# SQL query from table names - Continued

In [1]:
from openai import OpenAI
import os

from dotenv import load_dotenv, find_dotenv
_ = load_dotenv(find_dotenv('../../open_ai.env')) # read the env file from parent directory

OPENAI_API_KEY  = os.getenv('OPENAI_API_KEY')

## The old Prompt

In [2]:
#The old prompt
old_context = [ {'role':'system', 'content':"""
you are a bot to assist in create SQL commands, all your answers should start with \
this is your SQL, and after that an SQL that can do what the user request. \
Your Database is composed by a SQL database with some tables. \
Try to maintain the SQL order simple.
Put the SQL command in white letters with a black background, and just after \
a simple and concise text explaining how it works.
If the user ask for something that can not be solved with an SQL Order \
just answer something nice and simple, maximum 10 words, asking him for something that \
can be solved with SQL.
"""} ]

old_context.append( {'role':'system', 'content':"""
first table:
{
  "tableName": "employees",
  "fields": [
    {
      "nombre": "ID_usr",
      "tipo": "int"
    },
    {
      "nombre": "name",
      "tipo": "varchar"
    }
  ]
}
"""
})

old_context.append( {'role':'system', 'content':"""
second table:
{
  "tableName": "salary",
  "fields": [
    {
      "nombre": "ID_usr",
      "type": "int"
    },
    {
      "name": "year",
      "type": "date"
    },
    {
      "name": "salary",
      "type": "float"
    }
  ]
}
"""
})

old_context.append( {'role':'system', 'content':"""
third table:
{
  "tablename": "studies",
  "fields": [
    {
      "name": "ID",
      "type": "int"
    },
    {
      "name": "ID_usr",
      "type": "int"
    },
    {
      "name": "educational_level",
      "type": "int"
    },
    {
      "name": "Institution",
      "type": "varchar"
    },
    {
      "name": "Years",
      "type": "date"
    }
    {
      "name": "Speciality",
      "type": "varchar"
    }
  ]
}
"""
})

## New Prompt.
We are going to improve it following the instructions of a Paper from the Ohaio University: [How to Prompt LLMs for Text-to-SQL: A Study in Zero-shot, Single-domain, and Cross-domain Settings](https://arxiv.org/abs/2305.11853). I recommend you read that paper.
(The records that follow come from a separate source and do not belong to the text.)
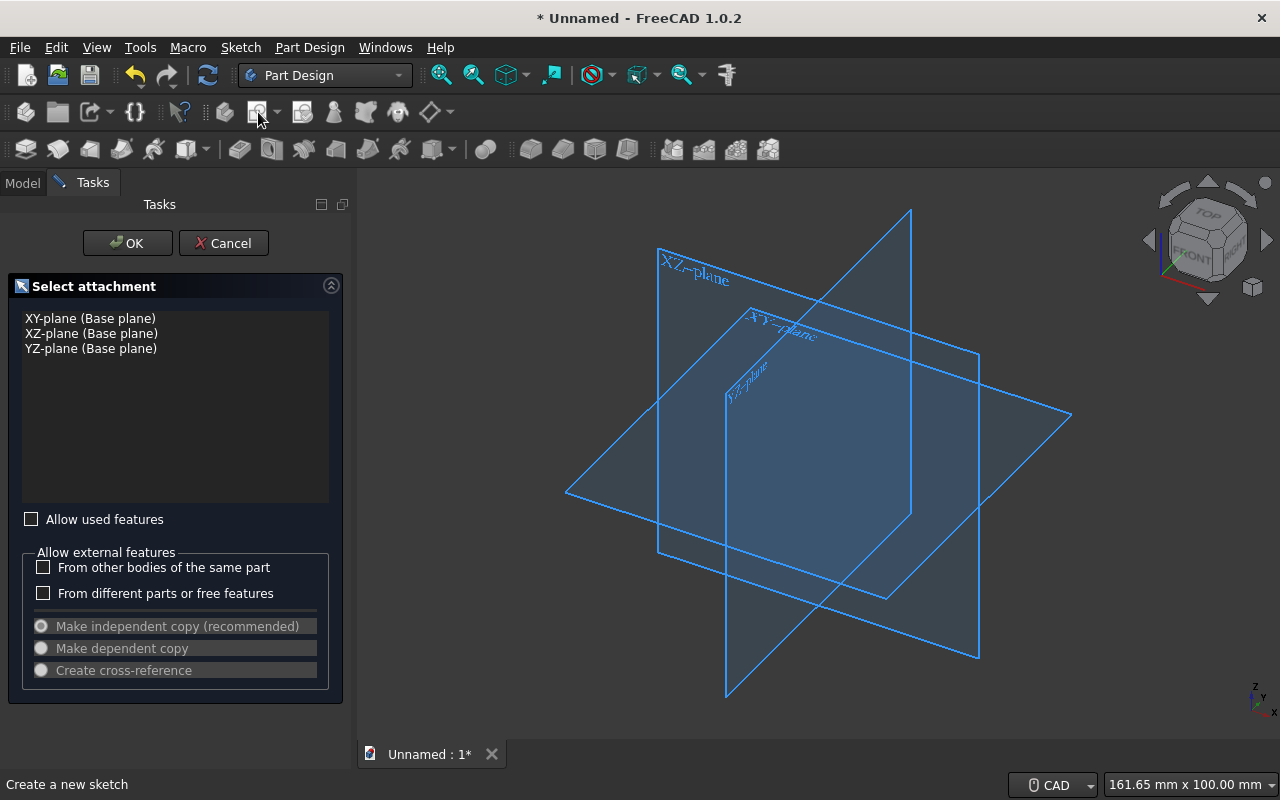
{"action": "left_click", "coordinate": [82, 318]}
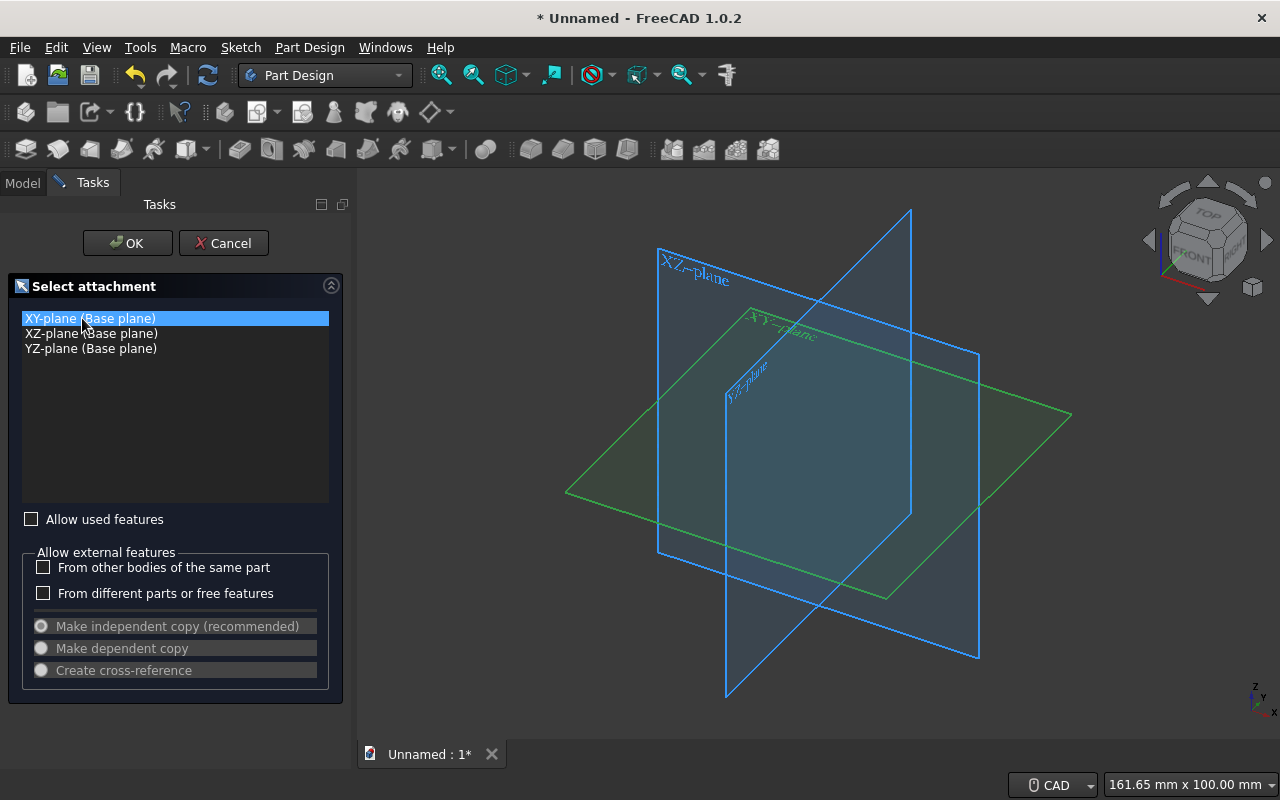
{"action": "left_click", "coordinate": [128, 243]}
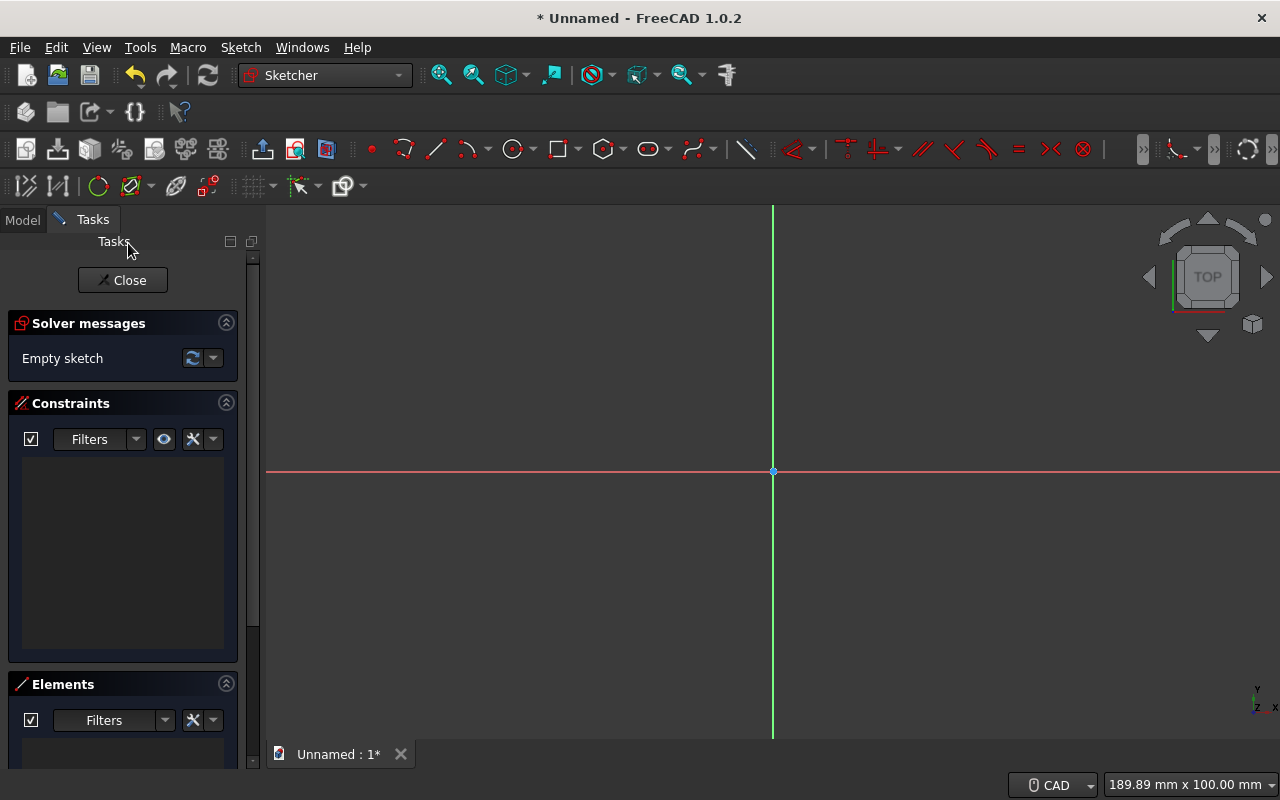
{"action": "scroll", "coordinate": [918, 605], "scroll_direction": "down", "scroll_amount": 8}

For each table, we will define the structure using the same syntax as in a SQL create table command, and add the sample rows of the content.

Finally, at the end of the prompt, we'll include some example queries with the SQL that the model should generate. This technique is called Few-Shot Samples, in which we provide the prompt with some examples to assist it in generating the correct SQL.


In [3]:
context = [ {'role':'system', 'content':"""
You are an expert SQL assistant. Generate valid SQLite queries based on user questions.
Always provide clear, efficient SQL commands followed by a brief explanation.

Database Schema:

-- Table: employees
CREATE TABLE employees (
    ID_usr INTEGER PRIMARY KEY,
    name VARCHAR(100) NOT NULL
);

-- Table: salary
CREATE TABLE salary (
    ID_usr INTEGER NOT NULL,
    year DATE NOT NULL,
    salary FLOAT NOT NULL,
    PRIMARY KEY (ID_usr, year),
    FOREIGN KEY (ID_usr) REFERENCES employees(ID_usr)
);

-- Table: studies
CREATE TABLE studies (
    ID INTEGER PRIMARY KEY,
    ID_usr INTEGER NOT NULL,
    educational_level INTEGER,
    Institution VARCHAR(200),
    Years DATE,
    Speciality VARCHAR(100),
    FOREIGN KEY (ID_usr) REFERENCES employees(ID_usr)
);

-- Sample Data:
-- employees: ID_usr, name
-- 1, 'John Smith'
-- 2, 'Maria Garcia'
-- 3, 'James Johnson'

-- salary: ID_usr, year, salary
-- 1, '2023-01-01', 75000.00
-- 2, '2023-01-01', 82000.00
-- 3, '2023-01-01', 68000.00

-- studies: ID, ID_usr, educational_level, Institution, Years, Speciality
-- 1, 1, 4, 'MIT', '2015-01-01', 'Computer Science'
-- 2, 2, 5, 'Stanford', '2016-01-01', 'Data Science'
-- 3, 3, 3, 'UC Berkeley', '2018-01-01', 'Business Administration'
"""} ]

In [4]:
#FEW SHOT SAMPLES
context.append( {'role':'system', 'content':"""
-- Maintain the SQL simple and efficient using valid SQLite syntax.

-- Example 1:
-- Question: Show me all employee names
-- SQL:
SELECT name FROM employees;

-- Example 2:
-- Question: What is the average salary in 2023?
-- SQL:
SELECT AVG(salary) as average_salary 
FROM salary 
WHERE year = '2023-01-01';

-- Example 3:
-- Question: List employees with their salaries for 2023
-- SQL:
SELECT e.name, s.salary 
FROM employees e 
JOIN salary s ON e.ID_usr = s.ID_usr 
WHERE s.year = '2023-01-01';

-- Example 4:
-- Question: Which employees have a Master's degree or higher (educational_level >= 5)?
-- SQL:
SELECT DISTINCT e.name, st.educational_level, st.Institution 
FROM employees e 
JOIN studies st ON e.ID_usr = st.ID_usr 
WHERE st.educational_level >= 5;

-- Example 5:
-- Question: Show employees with their education and current salary
-- SQL:
SELECT e.name, st.Institution, st.Speciality, s.salary 
FROM employees e 
LEFT JOIN studies st ON e.ID_usr = st.ID_usr 
LEFT JOIN salary s ON e.ID_usr = s.ID_usr 
WHERE s.year = '2023-01-01';
"""
})

In [5]:
#Functio to call the model.
def return_CCRMSQL(user_message, context):
    client = OpenAI(
    # This is the default and can be omitted
    api_key=OPENAI_API_KEY,
)

    newcontext = context.copy()
    newcontext.append({'role':'user', 'content':"question: " + user_message})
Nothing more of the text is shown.